• Intervals, Without Interruption – By Lennie Varvarides

    Date posted: June 22, 2006 Author: jolanta
    Experiencing the work of Monika Weiss involvesall your senses to some degree. One can not simply walk past the Skulenie (2003), an enigmatic charcoal drawing on photographic backdrop paper, without feeling the essence of the artist’s presence, or hearing the echoes of physical form resonating in Weiss’ drawings, sculpture installations, live or video projected performative works.
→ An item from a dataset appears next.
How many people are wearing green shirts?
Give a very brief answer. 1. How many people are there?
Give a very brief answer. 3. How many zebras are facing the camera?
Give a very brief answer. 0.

    Intervals, Without Interruption

    By Lennie Varvarides

    Monika Weiss Drawing the City (Day One, Day Two) 2004. Still from 11-minute DVD, color, sound. Two-day performance: canvas, crayons, brushes, feathers, paint, plaster containers, tree trunks, umbrellas, artist’s body, pedestrians, sound.
    Experiencing the work of Monika Weiss involvesall your senses to some degree. One can not simply walk past the Skulenie (2003), an enigmatic charcoal drawing on photographic backdrop paper, without feeling the essence of the artist’s presence, or hearing the echoes of physical form resonating in Weiss’ drawings, sculpture installations, live or video projected performative works. The exhibition embodied the exploration of time and physical endurance in a subtle and even tranquil camouflage of opaque colors and layered sounds. There is just the right amount of contractions and ambiguities in the exhibition, to present a new visual experience with every gaze. Playing with time in such a way makes, "Drawing the City, (Day One, Day Two)" 2004 and "Lethe" 2004, timeless, venerable, and universally recognizable.

    The artist body is a recurring image and material, whether live or in representation. Weiss’ live body is exposed to the site-specific conditions of time and climate, while also performing a documentative function. Weiss invites the public to draw within the large-scale landscapes, blurring the boundaries between herself and others.
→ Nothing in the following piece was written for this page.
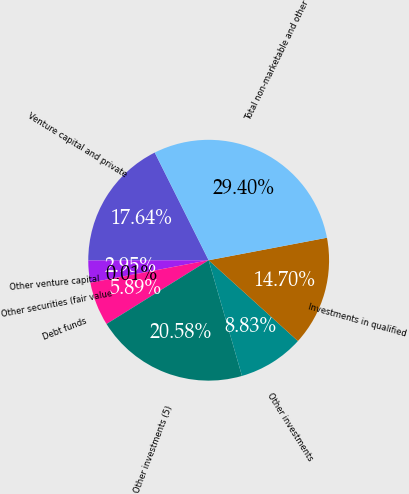Convert chart to OTSL. <chart><loc_0><loc_0><loc_500><loc_500><pie_chart><fcel>Venture capital and private<fcel>Other venture capital<fcel>Other securities (fair value<fcel>Debt funds<fcel>Other investments (5)<fcel>Other investments<fcel>Investments in qualified<fcel>Total non-marketable and other<nl><fcel>17.64%<fcel>2.95%<fcel>0.01%<fcel>5.89%<fcel>20.58%<fcel>8.83%<fcel>14.7%<fcel>29.4%<nl></chart>

    In some of Weiss’ sculptural and sound installations a solo performative action invites the public’s voyeurism while creating a site that embraces their own bodies as they share the task of remaining silent in front of her solitary action. In White Chalice (Ennoia) 2004, a video image of the artist’s curled up body is projected into the water-filled octagonal chalice, becomes subtly yet increasingly interactive, as one may not only see themselves within the reflection, but also experience the virtual figure looking back at them. This opens up a dialogue between real time performance and the suggestion of time past, creating delicate layers of time and meaning.

    Sculpted cast-concrete vessel filled with hundreds of layers of paper "Lethe" on the other hand, may be viewed with or without the live or prerecorded presence of the artist. The evidence of a past performance is still palpable through the line traces of her body, another play on time and perspective. "Lethe" may also function with the sensors and motors creating a ‘breathing’ rhythm based on a fragment of music by Hildegard of Bingen, (which we hear in the Drawing the City) and which Weiss described as, "the abstract and physical line in the composition, in the room."
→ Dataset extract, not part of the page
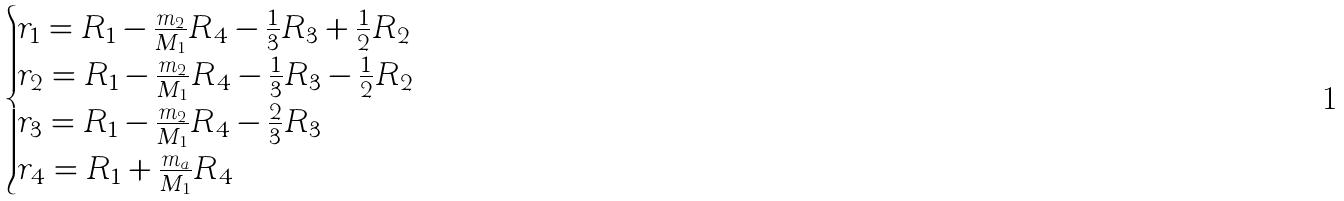Convert formula to latex. <formula><loc_0><loc_0><loc_500><loc_500>\begin{cases} r _ { 1 } = R _ { 1 } - \frac { m _ { 2 } } { M _ { 1 } } R _ { 4 } - \frac { 1 } { 3 } R _ { 3 } + \frac { 1 } { 2 } R _ { 2 } \\ r _ { 2 } = R _ { 1 } - \frac { m _ { 2 } } { M _ { 1 } } R _ { 4 } - \frac { 1 } { 3 } R _ { 3 } - \frac { 1 } { 2 } R _ { 2 } \\ r _ { 3 } = R _ { 1 } - \frac { m _ { 2 } } { M _ { 1 } } R _ { 4 } - \frac { 2 } { 3 } R _ { 3 } \\ r _ { 4 } = R _ { 1 } + \frac { m _ { a } } { M _ { 1 } } R _ { 4 } \end{cases}</formula>

    In all of her recent works Weiss surrenders herself to the self-imposed environment, both in space and in time, where the time itself becomes conquered as merely an equal element together with her body, the site, the paper, the paint, the stone, the wind, the umbrellas and the passing pedestrians.

    The exhibition "Monika Weiss: Intervals" together with Carolee Schneemann’s "Infinite Kisses II and SNAFU" was on view at Remy Toledo Gallery, New York, October 21- November 20, 2004; 529 West 20th Street, New York, NY 10001.